General lyophilization process  

The lyophilization process generally includes the following steps: 

• Dissolve the drug and excipients in a suitable solvent, generally water for injection.  
• Sterilize the bulk solution by passing through a 0.22-micron bacteria retentive filter.  
• Fill into individual sterile containers and partially stop the containers under aseptic conditions.
•  Transporting the partially stoppering containers to the lyophilizer and loading them into the chamber under aseptic conditions.  
• Freezing the solution by placing the partially stoppered containers on cooled shelves in the freeze-drying chamber or pre-freezing in another chamber.  
• Apply the vacuum to the chamber and heating the shelves to evaporate the water from the frozen state. 
• Complete stoppering of the vials usually by hydraulic or screw rod stoppering mechanism installed in the lyophilizer. 

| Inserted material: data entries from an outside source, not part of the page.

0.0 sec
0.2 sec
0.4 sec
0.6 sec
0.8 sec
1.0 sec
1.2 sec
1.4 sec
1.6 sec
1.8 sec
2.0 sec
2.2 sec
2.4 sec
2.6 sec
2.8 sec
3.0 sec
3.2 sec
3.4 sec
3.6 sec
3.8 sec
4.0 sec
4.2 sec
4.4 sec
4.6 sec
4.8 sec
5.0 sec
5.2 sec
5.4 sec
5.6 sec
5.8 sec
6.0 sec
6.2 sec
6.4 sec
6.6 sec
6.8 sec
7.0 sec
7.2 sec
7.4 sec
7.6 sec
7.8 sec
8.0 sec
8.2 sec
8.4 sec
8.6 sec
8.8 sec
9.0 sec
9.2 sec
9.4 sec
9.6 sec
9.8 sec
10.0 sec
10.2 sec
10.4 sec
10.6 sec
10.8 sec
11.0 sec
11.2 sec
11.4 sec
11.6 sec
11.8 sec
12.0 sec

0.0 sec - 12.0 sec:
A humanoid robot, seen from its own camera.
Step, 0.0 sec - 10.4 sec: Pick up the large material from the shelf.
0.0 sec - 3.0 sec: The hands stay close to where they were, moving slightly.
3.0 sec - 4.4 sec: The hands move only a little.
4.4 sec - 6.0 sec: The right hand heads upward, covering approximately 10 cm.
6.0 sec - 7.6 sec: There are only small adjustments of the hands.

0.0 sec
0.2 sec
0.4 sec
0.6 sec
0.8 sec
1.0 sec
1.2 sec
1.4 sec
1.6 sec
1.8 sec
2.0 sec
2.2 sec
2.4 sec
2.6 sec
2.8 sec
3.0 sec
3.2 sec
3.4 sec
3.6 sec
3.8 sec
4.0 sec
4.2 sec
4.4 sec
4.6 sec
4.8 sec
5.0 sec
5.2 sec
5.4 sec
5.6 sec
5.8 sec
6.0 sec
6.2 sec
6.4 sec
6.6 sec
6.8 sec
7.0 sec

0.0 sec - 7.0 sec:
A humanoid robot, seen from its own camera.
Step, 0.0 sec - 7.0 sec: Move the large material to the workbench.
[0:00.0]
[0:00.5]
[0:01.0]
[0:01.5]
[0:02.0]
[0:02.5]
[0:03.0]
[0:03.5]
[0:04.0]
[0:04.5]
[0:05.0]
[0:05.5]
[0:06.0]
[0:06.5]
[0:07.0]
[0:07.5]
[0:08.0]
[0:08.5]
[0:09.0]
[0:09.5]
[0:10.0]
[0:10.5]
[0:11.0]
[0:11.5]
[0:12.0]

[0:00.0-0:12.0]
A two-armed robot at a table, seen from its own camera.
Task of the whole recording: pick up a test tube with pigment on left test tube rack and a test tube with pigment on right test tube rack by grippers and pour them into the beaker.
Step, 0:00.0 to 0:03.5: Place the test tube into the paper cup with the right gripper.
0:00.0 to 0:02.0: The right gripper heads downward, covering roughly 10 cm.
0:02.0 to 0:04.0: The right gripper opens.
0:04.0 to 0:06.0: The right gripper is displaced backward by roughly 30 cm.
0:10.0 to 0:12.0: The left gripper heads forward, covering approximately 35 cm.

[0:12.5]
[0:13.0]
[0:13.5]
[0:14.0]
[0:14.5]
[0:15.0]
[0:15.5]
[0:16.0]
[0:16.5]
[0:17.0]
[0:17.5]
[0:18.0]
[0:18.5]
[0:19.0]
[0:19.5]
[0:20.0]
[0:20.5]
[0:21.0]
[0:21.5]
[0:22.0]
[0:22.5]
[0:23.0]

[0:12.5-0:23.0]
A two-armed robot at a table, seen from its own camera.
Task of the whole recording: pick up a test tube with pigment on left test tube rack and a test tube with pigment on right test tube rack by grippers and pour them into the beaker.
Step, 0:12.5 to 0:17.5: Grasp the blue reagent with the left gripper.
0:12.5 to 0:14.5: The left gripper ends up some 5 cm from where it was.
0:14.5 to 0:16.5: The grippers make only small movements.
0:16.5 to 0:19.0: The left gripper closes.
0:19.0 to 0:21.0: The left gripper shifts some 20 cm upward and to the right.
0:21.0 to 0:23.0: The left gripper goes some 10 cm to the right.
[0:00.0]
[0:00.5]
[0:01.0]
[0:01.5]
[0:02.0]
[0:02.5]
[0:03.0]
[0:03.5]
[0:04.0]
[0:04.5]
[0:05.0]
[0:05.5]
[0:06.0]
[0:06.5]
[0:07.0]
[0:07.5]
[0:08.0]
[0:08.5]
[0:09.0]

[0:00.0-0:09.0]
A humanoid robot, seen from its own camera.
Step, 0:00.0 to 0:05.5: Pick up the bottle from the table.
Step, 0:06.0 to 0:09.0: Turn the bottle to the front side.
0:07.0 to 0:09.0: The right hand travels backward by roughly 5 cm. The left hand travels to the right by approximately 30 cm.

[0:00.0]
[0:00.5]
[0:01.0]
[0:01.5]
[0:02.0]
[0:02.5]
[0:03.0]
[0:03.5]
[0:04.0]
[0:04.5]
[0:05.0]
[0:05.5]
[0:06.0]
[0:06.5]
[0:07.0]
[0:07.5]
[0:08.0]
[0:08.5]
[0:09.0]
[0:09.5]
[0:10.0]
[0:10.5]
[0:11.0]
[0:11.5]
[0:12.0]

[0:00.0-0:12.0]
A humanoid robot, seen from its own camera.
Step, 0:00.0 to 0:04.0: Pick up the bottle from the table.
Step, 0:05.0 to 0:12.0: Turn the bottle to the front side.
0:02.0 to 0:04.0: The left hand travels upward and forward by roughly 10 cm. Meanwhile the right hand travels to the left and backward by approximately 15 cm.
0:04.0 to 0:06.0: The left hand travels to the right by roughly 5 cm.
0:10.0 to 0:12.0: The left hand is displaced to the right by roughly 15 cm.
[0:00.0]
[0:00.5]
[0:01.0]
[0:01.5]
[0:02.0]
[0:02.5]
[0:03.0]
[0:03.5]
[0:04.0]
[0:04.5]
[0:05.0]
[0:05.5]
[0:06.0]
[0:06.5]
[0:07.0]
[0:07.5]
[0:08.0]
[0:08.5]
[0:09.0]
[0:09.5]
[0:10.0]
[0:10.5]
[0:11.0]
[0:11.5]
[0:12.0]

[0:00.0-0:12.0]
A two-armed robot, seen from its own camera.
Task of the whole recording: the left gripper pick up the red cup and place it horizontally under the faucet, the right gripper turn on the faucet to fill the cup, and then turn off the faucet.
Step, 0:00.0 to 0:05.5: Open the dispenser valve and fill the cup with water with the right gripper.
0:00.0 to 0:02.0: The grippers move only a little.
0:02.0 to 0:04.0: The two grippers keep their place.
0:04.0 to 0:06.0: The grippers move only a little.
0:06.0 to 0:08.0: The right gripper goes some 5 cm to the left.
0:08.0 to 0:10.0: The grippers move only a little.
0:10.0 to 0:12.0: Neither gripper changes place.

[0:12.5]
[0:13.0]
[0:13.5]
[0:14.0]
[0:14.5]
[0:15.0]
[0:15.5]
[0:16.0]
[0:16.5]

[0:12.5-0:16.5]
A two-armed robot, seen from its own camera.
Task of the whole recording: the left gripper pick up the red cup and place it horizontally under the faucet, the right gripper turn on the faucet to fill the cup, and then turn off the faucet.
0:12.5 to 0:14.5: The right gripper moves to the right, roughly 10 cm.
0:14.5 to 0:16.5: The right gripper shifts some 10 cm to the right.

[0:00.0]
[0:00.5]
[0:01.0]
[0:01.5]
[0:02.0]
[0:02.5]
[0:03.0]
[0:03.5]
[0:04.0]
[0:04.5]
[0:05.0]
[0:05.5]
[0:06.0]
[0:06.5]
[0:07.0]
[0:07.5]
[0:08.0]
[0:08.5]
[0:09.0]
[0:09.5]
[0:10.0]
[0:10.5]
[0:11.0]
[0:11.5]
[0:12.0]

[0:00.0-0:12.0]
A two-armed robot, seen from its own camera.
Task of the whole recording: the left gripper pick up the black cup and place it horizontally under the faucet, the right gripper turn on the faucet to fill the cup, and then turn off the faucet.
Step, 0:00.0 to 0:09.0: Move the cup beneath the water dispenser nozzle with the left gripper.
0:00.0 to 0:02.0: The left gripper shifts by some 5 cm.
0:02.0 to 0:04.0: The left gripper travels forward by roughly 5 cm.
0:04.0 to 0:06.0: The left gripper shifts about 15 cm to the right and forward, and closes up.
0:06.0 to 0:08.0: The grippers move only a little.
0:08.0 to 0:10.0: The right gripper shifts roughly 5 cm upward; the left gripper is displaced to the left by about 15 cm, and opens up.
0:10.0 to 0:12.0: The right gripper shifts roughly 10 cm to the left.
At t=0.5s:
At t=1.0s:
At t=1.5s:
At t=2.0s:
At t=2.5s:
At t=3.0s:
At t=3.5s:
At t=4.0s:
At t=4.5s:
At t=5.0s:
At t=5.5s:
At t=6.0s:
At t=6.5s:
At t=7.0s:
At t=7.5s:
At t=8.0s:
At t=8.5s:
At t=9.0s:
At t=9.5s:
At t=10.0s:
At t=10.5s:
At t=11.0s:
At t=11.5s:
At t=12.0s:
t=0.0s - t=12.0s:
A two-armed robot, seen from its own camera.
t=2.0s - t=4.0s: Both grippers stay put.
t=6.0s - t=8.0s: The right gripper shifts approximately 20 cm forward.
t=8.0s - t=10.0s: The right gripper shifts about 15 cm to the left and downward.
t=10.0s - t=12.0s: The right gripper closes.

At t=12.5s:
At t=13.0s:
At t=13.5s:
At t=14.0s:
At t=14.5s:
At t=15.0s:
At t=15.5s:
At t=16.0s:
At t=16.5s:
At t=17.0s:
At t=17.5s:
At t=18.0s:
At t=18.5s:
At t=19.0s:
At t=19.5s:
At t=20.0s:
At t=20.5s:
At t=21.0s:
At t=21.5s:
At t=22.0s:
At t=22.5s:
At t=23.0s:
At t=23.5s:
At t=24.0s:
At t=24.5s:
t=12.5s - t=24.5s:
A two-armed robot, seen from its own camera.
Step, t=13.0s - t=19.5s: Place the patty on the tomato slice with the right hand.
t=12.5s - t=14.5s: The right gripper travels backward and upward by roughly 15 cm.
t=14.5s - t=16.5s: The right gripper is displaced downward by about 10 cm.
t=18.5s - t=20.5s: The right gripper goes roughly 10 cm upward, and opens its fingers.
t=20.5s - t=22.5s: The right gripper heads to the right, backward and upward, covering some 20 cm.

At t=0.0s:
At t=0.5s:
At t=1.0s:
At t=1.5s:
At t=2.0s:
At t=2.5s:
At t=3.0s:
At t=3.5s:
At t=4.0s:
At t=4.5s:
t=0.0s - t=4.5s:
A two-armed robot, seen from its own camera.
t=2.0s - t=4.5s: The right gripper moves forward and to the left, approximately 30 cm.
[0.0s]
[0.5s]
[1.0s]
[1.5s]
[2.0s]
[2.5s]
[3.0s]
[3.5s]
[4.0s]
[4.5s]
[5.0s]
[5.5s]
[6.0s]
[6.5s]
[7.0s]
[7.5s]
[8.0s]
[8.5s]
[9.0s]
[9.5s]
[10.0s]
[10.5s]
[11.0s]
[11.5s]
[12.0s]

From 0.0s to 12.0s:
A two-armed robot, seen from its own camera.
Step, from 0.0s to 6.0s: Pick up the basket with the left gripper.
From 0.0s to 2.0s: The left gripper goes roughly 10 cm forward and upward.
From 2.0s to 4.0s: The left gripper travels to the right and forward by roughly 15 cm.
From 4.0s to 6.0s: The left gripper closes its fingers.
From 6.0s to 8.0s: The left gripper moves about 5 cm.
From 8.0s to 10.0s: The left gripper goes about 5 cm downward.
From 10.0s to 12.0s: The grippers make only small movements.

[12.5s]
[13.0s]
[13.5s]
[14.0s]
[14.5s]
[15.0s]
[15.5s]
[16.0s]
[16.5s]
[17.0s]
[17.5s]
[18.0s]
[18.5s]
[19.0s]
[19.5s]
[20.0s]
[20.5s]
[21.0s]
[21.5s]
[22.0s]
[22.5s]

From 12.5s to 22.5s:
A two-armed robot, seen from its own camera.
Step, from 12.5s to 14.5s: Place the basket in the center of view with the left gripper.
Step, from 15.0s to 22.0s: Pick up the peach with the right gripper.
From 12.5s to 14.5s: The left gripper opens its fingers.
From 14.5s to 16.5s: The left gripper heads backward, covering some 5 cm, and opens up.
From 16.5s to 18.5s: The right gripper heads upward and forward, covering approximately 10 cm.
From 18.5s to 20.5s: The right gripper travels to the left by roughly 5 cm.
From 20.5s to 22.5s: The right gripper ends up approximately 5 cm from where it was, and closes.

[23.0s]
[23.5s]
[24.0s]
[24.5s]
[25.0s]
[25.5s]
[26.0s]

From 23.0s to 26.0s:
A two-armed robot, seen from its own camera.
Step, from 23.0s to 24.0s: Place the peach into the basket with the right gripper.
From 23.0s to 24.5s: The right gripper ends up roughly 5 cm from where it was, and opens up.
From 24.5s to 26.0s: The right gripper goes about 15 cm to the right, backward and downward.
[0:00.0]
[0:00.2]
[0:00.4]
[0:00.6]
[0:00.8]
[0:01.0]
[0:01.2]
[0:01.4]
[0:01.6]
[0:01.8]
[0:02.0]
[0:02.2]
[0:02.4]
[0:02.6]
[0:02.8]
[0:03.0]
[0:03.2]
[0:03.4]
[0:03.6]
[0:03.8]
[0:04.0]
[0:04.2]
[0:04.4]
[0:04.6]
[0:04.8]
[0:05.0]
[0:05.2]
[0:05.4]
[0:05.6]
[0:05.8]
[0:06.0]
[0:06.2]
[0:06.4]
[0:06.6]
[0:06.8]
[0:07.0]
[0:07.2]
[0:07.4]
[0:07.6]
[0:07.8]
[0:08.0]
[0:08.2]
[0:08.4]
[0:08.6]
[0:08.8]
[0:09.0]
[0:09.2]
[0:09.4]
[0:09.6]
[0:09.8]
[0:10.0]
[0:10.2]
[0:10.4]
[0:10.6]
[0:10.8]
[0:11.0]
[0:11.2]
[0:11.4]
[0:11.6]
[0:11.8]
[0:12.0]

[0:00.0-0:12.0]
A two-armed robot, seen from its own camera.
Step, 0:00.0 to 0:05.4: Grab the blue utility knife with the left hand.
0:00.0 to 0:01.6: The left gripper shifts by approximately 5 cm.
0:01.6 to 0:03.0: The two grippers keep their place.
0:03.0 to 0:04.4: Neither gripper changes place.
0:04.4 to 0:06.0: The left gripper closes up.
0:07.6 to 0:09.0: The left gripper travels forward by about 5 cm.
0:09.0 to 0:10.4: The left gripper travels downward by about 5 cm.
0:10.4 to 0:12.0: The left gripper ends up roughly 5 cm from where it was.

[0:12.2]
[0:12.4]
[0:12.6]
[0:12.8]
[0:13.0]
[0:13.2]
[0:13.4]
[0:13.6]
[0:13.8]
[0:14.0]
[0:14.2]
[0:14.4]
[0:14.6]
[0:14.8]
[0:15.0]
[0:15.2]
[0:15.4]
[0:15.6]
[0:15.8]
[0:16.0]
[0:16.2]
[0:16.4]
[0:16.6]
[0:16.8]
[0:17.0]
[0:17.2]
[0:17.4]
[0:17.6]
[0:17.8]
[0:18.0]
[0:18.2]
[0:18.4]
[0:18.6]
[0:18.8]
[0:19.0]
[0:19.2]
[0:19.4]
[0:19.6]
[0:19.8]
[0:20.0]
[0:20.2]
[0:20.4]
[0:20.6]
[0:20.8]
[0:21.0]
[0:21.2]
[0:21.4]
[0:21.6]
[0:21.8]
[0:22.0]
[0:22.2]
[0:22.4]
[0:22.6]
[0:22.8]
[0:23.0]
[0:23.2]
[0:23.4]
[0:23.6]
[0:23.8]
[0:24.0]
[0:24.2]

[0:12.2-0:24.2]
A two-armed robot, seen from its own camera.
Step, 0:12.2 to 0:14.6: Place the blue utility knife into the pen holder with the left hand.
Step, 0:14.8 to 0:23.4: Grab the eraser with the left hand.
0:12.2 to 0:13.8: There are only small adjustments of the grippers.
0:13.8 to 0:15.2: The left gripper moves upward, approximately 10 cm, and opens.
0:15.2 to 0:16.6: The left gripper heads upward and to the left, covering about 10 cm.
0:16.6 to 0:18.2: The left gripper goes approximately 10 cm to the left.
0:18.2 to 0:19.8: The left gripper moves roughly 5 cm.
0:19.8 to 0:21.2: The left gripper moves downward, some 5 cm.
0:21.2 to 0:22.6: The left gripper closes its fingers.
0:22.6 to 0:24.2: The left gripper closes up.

Lyophilized product characteristics 

• Chemically stable  
• Intact cake  
• Sufficiently dry  
• Free of particulates  
• Uniform appearance  
• Reasonable reconstitution time 

 

Advantages 

• Removal of water at low temperature.   
• Thermolabile materials can be dried.   
• Good for oxygen or air-sensitive drugs.  
• Rapid reconstitution time.  
• Constituents of dried material remain homogeneously dispersed. 

 

Disadvantages 

• Many biological molecules are damaged by the stress associated with freezing, freeze-drying, or both.   
• Volatile compounds may be removed by high vacuum.  
• Cost may be an issue, depending on the product.
• Long a time process.

 

Conclusion 

This process is applicable to manufacture pharmaceutical products that are heat sensitive or unstable in an aqueous solution but are stable for a long period in a dry state. Lyophilization is a common method for the manufacturing parenteral when aqueous solution stability is an issue but cost-intensive. Certain drugs such as Penicillin, cephalosporin, erythromycin, chloramphenicol, etc. which are unstable in solution form are lyophilized when formulated as parenteral. Lyophilization generally increases the shelf-life of the pharmaceutical drug. Hence, one of the key objectives during freeze-drying process development is to minimize the drying time. 

 

Reference 

Pandhare, S., Harwalkar, M., Mahale, N., & Chaudhari, S., (2019). Lyophilization process of Pharmaceuticals, World Journal of Pharmaceutical Research, 1991-2000.